A global warming mitigation plan has reduced the chance of landslides in the Honduran capital of Tegucigalpa.
For some 250,000 shantytown-dwellers in the Honduran capital of Tegucigalpa, fear of dying or losing their home due to a landslide or other weather-related event has been reduced, thanks to a global warming mitigation plan that has carried out small infrastructure works in 180 ecologically and socially vulnerable neighbourhoods.
The 100×100 Plan is part of a climate change risk mitigation project financed by the Central American Bank for Economic Integration (CABEI) with a 26-million-dollar credit granted on concessionary terms.
“Before the bridge was built, this area would be cut off when it rained,” Xiomara Castellanos, who lives in the poor neighbourhood of Mololoa, told IPS. “We used to come down the hill barefoot to cross the river, which rises a lot in winter, and has even swept away several houses.”

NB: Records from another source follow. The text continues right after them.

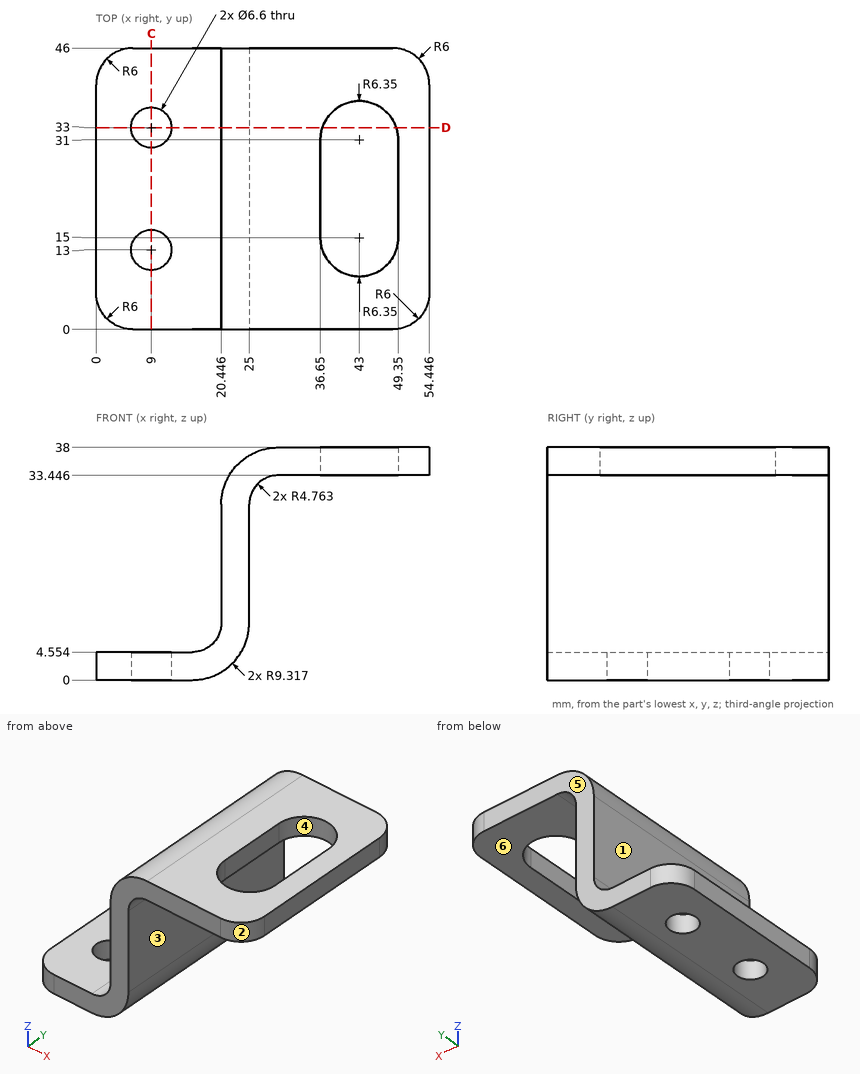
Input: dimensioned drawing with shaded views. Units: mm. Origin: part minimum x, y, z. A direction names the side the tool comes from. Give positions to 0.01 mm unless a question says otherwise; leave off trailing zeros. Write each loop counter-clockwise with the first axis right and the second up, starting at its lowest first coordinate (ties: lowest second). Pieces come first, ordered by that corner, then holes.
1. Reachability of the marked faces 1, 2 and 3 from +Z, -Z, +X, -X, +Y, -Y: full face, straight path, thin tool, end or side. Return the list, or none.
2. Section query C-C, the plane x = 9. Return loops of the section in (y, z) (1 decimal).
3. Line query: probe 1 along Y at (x, z) = (9, 2.4); probe 2 along X at (y, z) = (20, 11) (1 decimal); probe 3 along Z at (x, y) = (48, 35.5) (1 decimal). Output: solid intervals per line, ascending.
4. Section query D-D, the plane y = 33. Return loops of the section in (x, z) (1 decimal).
5. Draft query along Y for the marked faces 4, 5 and 6. Return one class per face: released by +Y, released by -Y, zero draft, split by the parting line, or undercut.
6. Pin query (flat end, axial travel): P1, Ø1.5, axis at x = 24.5, y = 23.5, coming from the +Z side (1 decimal); P2, Ø3, axis at y = 13.5, z = 31, coming from the -X side; P3, Ø3.5, axis at y = 21, z = 35, coming from the -X side. Return the tip coordinate at first contact, or that it passes through.
Computed:
1. face 1: +Z, -X, +Y, -Y
1. face 2: +Z, -Z, +X, -Y
1. face 3: -Z, +X, +Y, -Y
2. outline: (0, 0) - (9.7, 0) - (9.7, 4.6) - (0, 4.6) - close; (16.3, 0) - (29.7, 0) - (29.7, 4.6) - (16.3, 4.6) - close; (36.3, 0) - (46, 0) - (46, 4.6) - (36.3, 4.6) - close
3. probe 1: y = 0 to 9.7, 16.3 to 29.7, 36.3 to 46
3. probe 2: x = 20.4 to 25
3. probe 3: z = 33.4 to 38
4. outline: (0, 0) - (5.7, 0) - (5.7, 4.6) - (0, 4.6) - close; (12.3, 0) - (15.7, 0) arc R9.3 ccw to (25, 9.3) - (25, 28.7) arc R4.8 cw to (29.8, 33.4) - (37, 33.4) - (37, 38) - (29.8, 38) arc R9.3 ccw to (20.4, 28.7) - (20.4, 9.3) arc R4.8 cw to (15.7, 4.6) - (12.3, 4.6) - close; (49, 33.4) - (54.4, 33.4) - (54.4, 38) - (49, 38) - close
5. face 4: undercut
5. face 5: released by +Y
5. face 6: zero draft
6. P1: stops at z = 36.8
6. P2: stops at x = 20.48
6. P3: stops at x = 21.64

The more than 100 small projects are scattered all over Tegucigalpa, which is home to 1.8 million of Honduras’s 8.5 million people.
The capital, located in a chain of mountains that reach 1,300 metres in height, was among the most affected parts of the country when Hurricane Mitch left at least 11,000 dead and 8,000 missing in 1998, besides causing enormous damage to infrastructure.
Julio Quiñónez, assistant director of Honduras’ Municipal Emergency Committee, told IPS that environmental vulnerability is high in many parts of Tegucigalpa, but “mitigation works, large and small, have now reduced the levels of risk.”
One of the projects involved construction of a small bridge (pic, above) and the strengthening of the banks of the river in the Mololoa shantytown, on the northeast side of the city, where local residents are now able to get in and out of their neighbourhood and to evacuate in case of a storm.
Johan Meza, in charge of mitigation projects in the 100×100 Plan, told IPS that the small infrastructure works include the construction of ditches, gutters, stairways, evacuation routes, pedestrian bridges, and storm water drains.
A few metres from one of the city’s main roads, in the east, is La Villanueva, one of the most populous slums in Tegucigalpa. It is highly prone to landslides and the collapse of the homes that line the hillside.
Pointing to the new stairways for which residents waited three decades, community leader María Elena Benítez told IPS: “We used to climb down the hill on all fours, to reach the bus; when it rained this was all mud, you can’t imagine how hard it was for us.”
“The aim is for no one to die in weather-related incidents,” Tegucigalpa Mayor Ricardo Álvarez told IPS.
The next phase of the 100×100 Plan involves climate change adaptation, which includes an intense programme of training and provision of equipment in the areas that received assistance, so people are prepared and know how to use the evacuation routes in case of disaster.